MT haplotypes present in HS founders and modern HS rats. A. NJ, unrooted tree using MT SNPs and indels in HS founders. Branch lengths correspond to genetic distance. B. Distribution of alleles by rat among MT SNPs passing filters (see Figure S2 for filters). Plot shows count of reference alleles on X-axis and count of alternate alleles on Y-axis for each rat. Side plots are histograms of allele counts among modern HS rats (blue dots). Missingness in low-coverage modern samples leads to scatter on the axes. (See Figure S4 for the bimodal distribution of MT2 missingness.) Labeled red dots are HS founders. MT1 and MT2 haplogroups are labeled. C. Distribution of MT haplotypes in the HS rat population over time. Plot shows birth year on X-axis and haplotype percentage on Y-axis. D. Pseudo-alignment of all MT SNPs called by low-coverage sequencing, colored by nucleotide. HS founders are labeled by name. The two modern haplotypes are included next to their donors.
HS founders MT phylogeny has been reported previously (Showmaker et al. 2020). However, their data (Ramdas et al. 2018) swapped WN and WKY. Our data puts WKY by itself, and WN in the large founder block with BUF, F344, M520, and MR. The Rat Genome Database (RGD; Vedi et al. 2023) Variant Visualizer (parameters: strains=HS founder strains, chromosome=MT, start=0, end=16,313) confirms the groups in Figure 2A. Complete MT genome sequencing of inbred substrains related to four of the HS founders (ACI/Eur, BN/NHsdMcwi, F344/NHsd, and WKY/NCrl) found the same relative relationships (Schlick et al. 2006).

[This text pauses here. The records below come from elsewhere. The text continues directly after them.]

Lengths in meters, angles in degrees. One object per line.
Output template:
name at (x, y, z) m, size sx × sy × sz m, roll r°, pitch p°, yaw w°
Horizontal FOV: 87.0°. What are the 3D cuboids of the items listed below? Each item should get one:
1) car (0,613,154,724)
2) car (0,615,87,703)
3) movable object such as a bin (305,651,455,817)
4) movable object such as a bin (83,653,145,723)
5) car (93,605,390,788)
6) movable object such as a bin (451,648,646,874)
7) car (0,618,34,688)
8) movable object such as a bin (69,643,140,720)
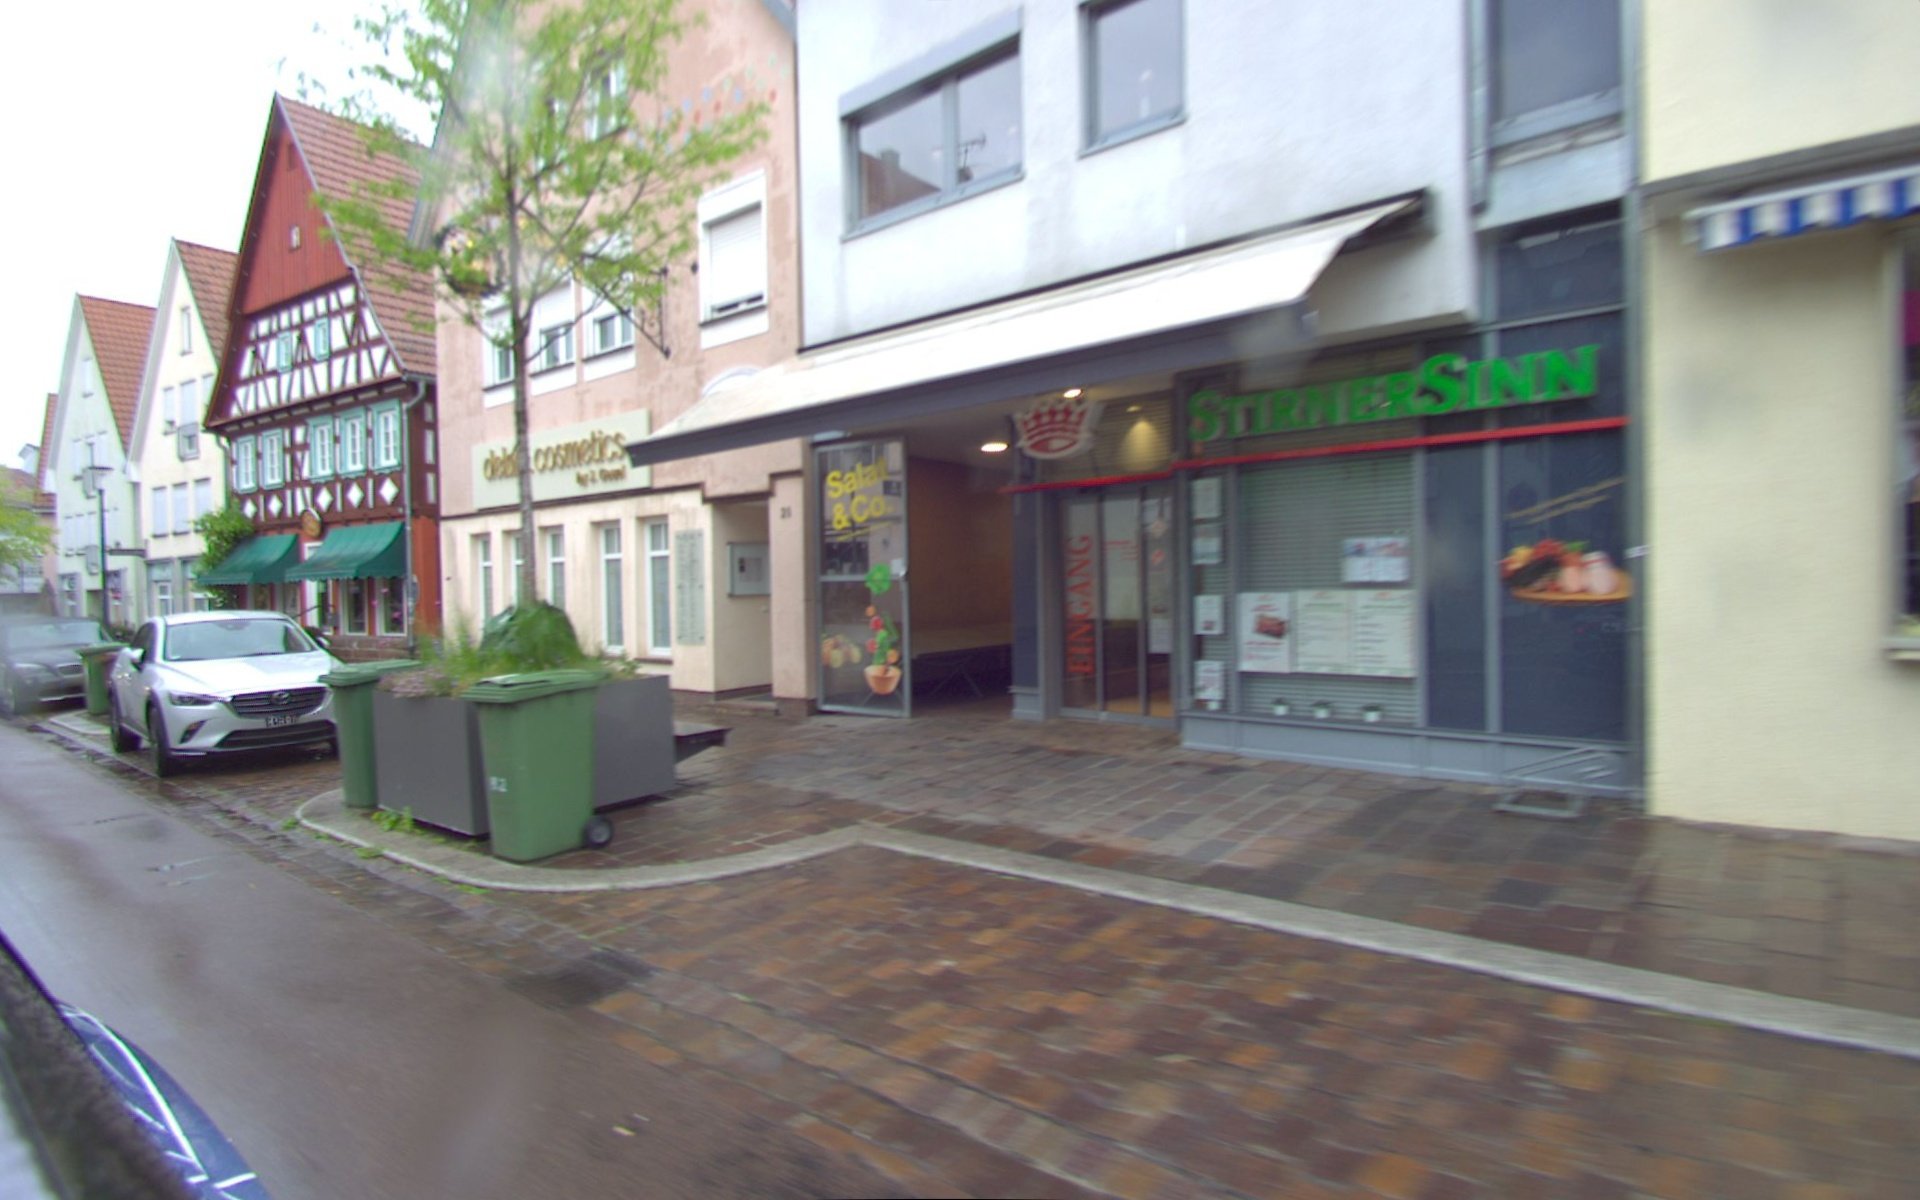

We separated modern HS rats into MT groups. We called 117 MT SNPs in 15,120 low-coverage samples from modern HS rats. 77 SNPs and 14,971 samples remained after filtration by INFO score, MAF, and missingness (Figure S2). We grouped samples by whether they had more BN-like reference (MT1, 9,287 rats) or alternate (MT2, 5,684 rats) alleles (Figure 2B). MT1 is somewhat more common in the modern HS rat population (Figure 2C).
We confirmed these as the only two MT haplotypes present in the modern low-coverage SNPs genotypes. Starting with unfiltered low-coverage MT genotypes, we selected two samples with no missing SNPs, but differing genotype. All modern HS rat MT match at least one of these two. Each modern MT matches an ostensibly extant founder haplotype (Figure 2D). PCA did not reveal further groupings, however it did identify an effect of the two library preparation methods used for low coverage sequencing (Figure S3B).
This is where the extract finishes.